-- Available data --
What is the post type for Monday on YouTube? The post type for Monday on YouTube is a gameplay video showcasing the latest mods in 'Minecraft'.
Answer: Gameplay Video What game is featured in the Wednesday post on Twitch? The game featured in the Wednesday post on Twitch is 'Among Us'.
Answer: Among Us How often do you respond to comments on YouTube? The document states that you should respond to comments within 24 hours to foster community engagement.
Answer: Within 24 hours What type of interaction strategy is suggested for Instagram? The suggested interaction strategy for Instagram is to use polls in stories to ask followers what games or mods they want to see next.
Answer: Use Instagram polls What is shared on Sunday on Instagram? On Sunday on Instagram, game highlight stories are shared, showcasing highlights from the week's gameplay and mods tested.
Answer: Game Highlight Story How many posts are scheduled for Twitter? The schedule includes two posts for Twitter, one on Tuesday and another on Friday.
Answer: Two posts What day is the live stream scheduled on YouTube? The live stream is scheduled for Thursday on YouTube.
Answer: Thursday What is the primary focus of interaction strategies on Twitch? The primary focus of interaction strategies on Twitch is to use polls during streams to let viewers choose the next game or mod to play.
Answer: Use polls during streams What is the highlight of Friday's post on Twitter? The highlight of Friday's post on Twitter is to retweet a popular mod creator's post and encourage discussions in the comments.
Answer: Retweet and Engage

...

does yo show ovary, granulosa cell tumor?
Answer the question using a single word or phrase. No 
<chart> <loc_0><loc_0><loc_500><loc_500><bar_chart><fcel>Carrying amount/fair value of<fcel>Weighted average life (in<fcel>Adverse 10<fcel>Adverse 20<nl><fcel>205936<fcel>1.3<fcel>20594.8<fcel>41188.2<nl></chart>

-- What the task requires --
Your task is to gather all lines from the entries above that hold the word "comments".

-- Your solution --
Answer: Among Us How often do you respond to comments on YouTube? The document states that you should respond to comments within 24 hours to foster community engagement.
Answer: Use polls during streams What is the highlight of Friday's post on Twitter? The highlight of Friday's post on Twitter is to retweet a popular mod creator's post and encourage discussions in the comments.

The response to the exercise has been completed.